* Activity
Among the entries below, which lines run from the line with "Instruction: Locate the" through the line with "The image size is (924, 1307)."? Retype those, both ends included, exactly and without pictures.

####

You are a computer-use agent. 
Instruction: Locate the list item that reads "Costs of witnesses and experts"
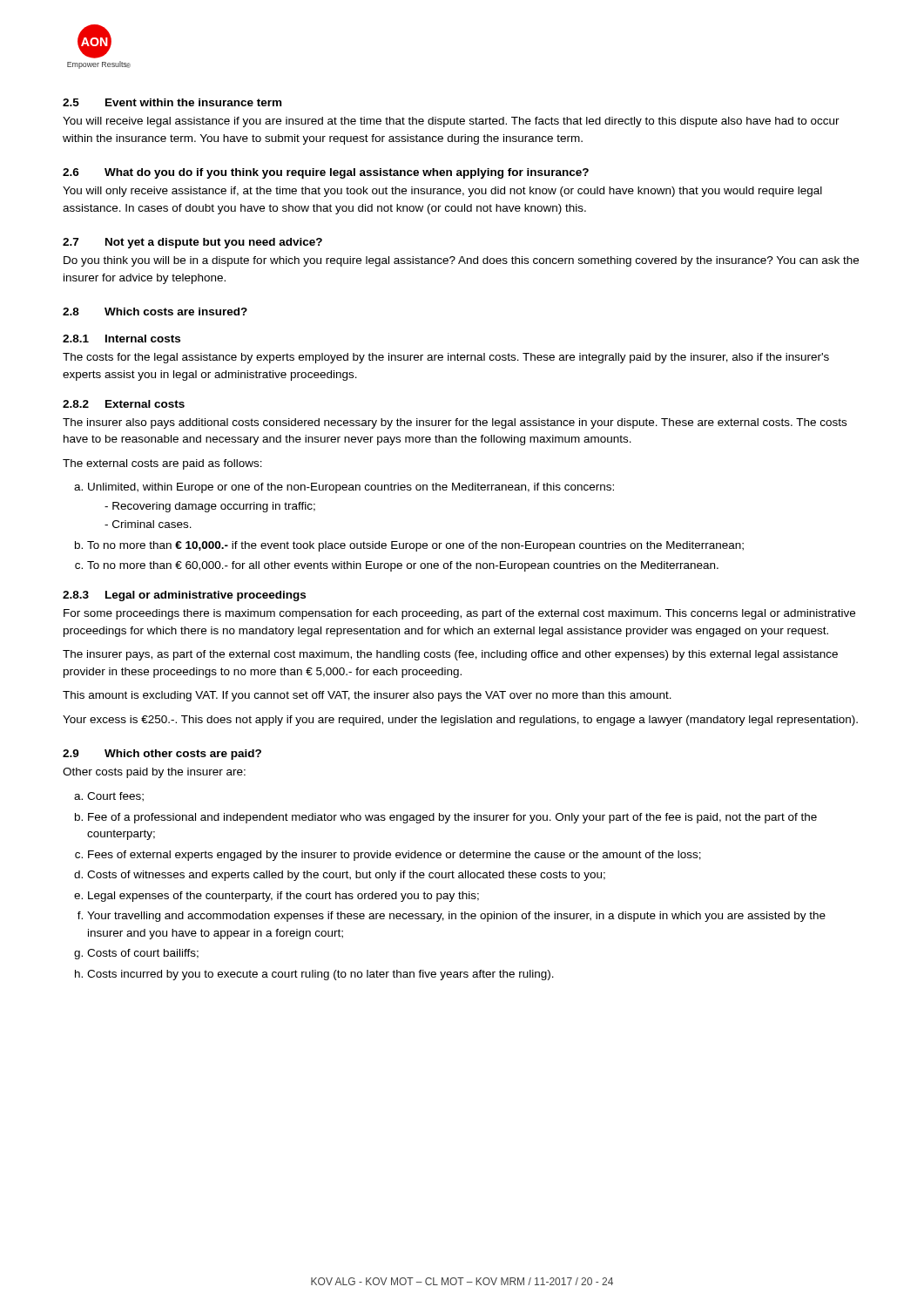[x=347, y=875]
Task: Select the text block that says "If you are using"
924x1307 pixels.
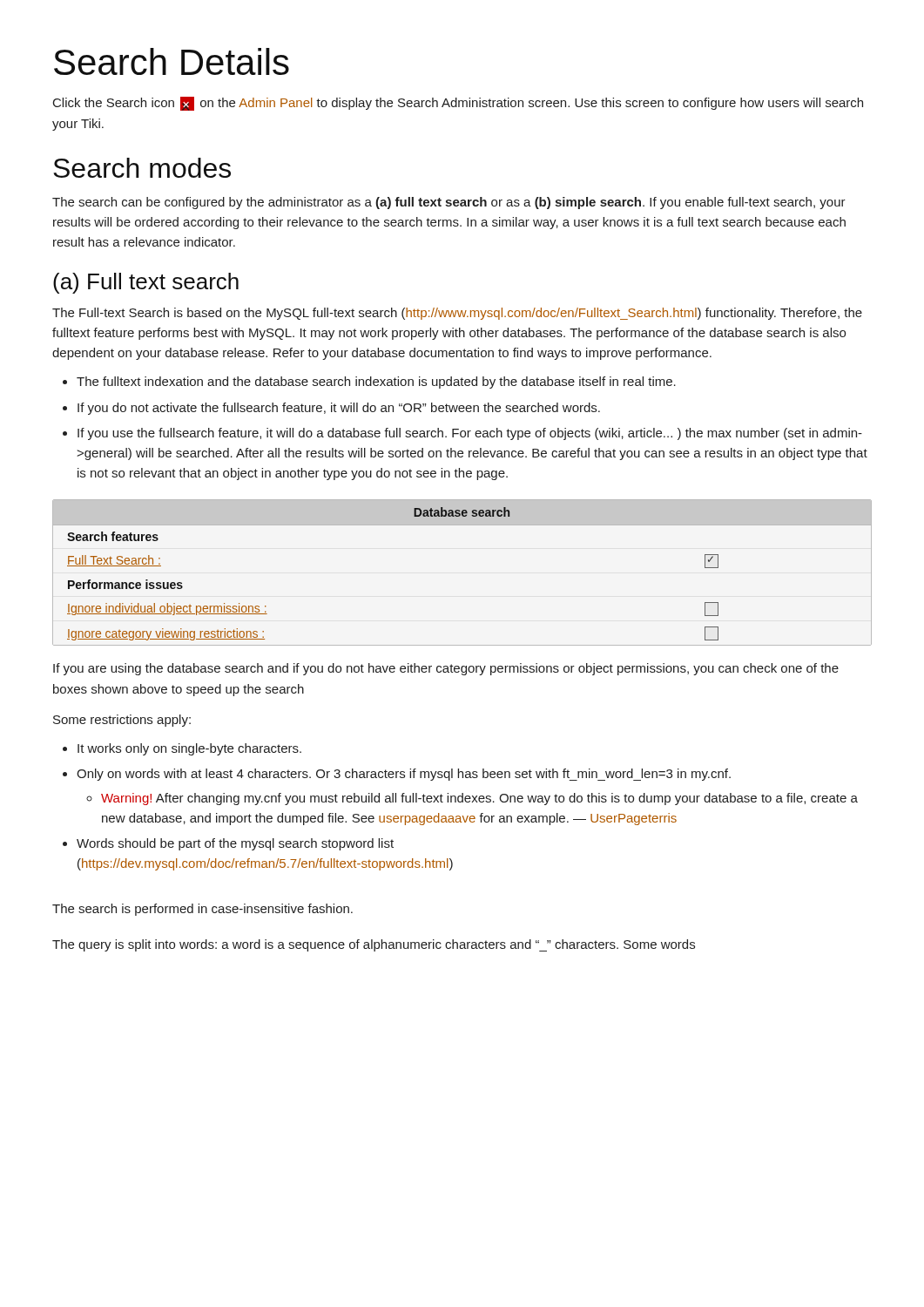Action: [x=446, y=678]
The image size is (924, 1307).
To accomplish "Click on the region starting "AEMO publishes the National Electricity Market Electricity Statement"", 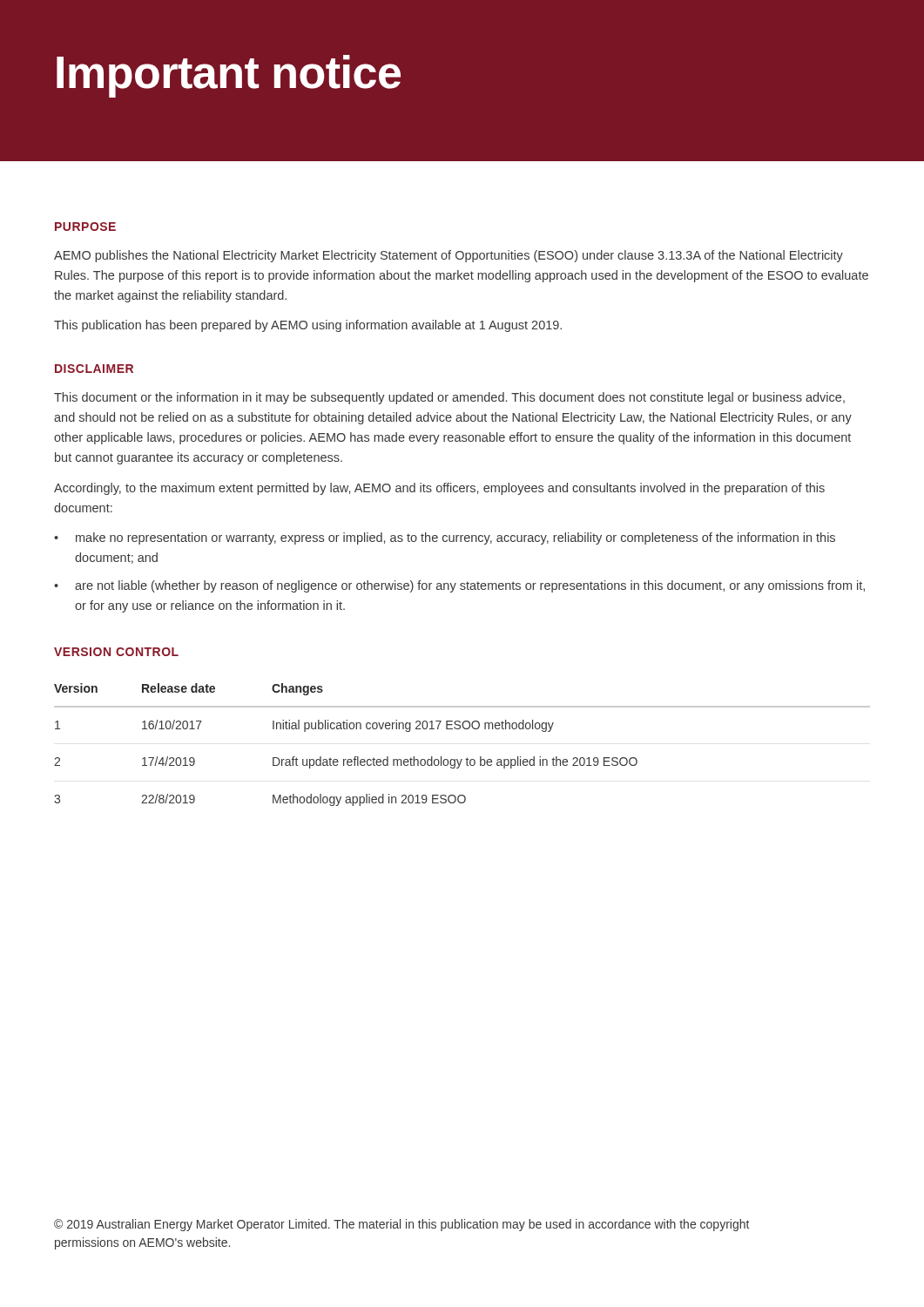I will tap(461, 275).
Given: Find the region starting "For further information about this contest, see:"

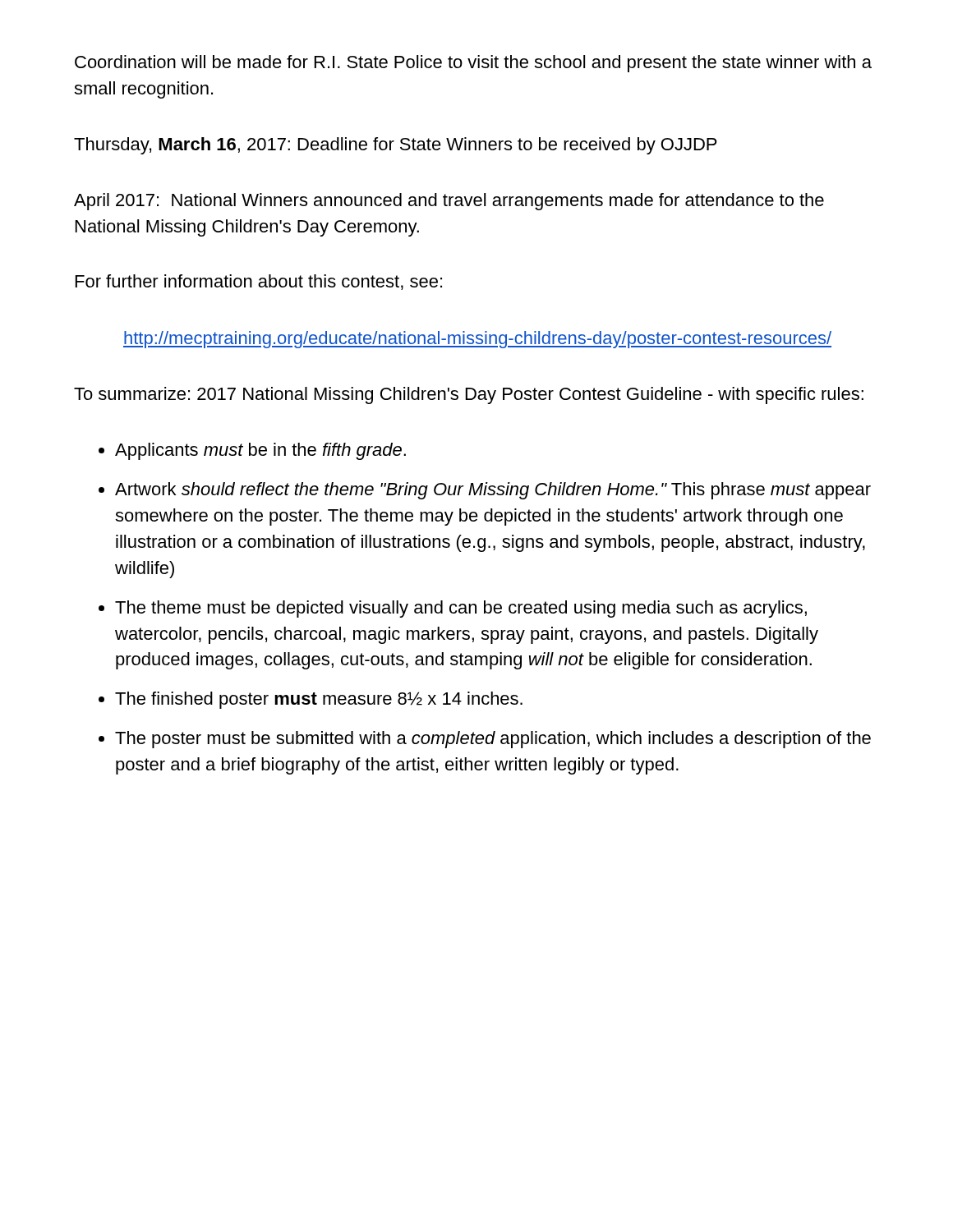Looking at the screenshot, I should pyautogui.click(x=259, y=282).

####

* Task answer
Instruction: Locate the list item that reads "Costs of witnesses and experts"
[x=347, y=875]
Task: Select the text block that says "If you are using"
924x1307 pixels.
Action: [x=446, y=678]
The image size is (924, 1307).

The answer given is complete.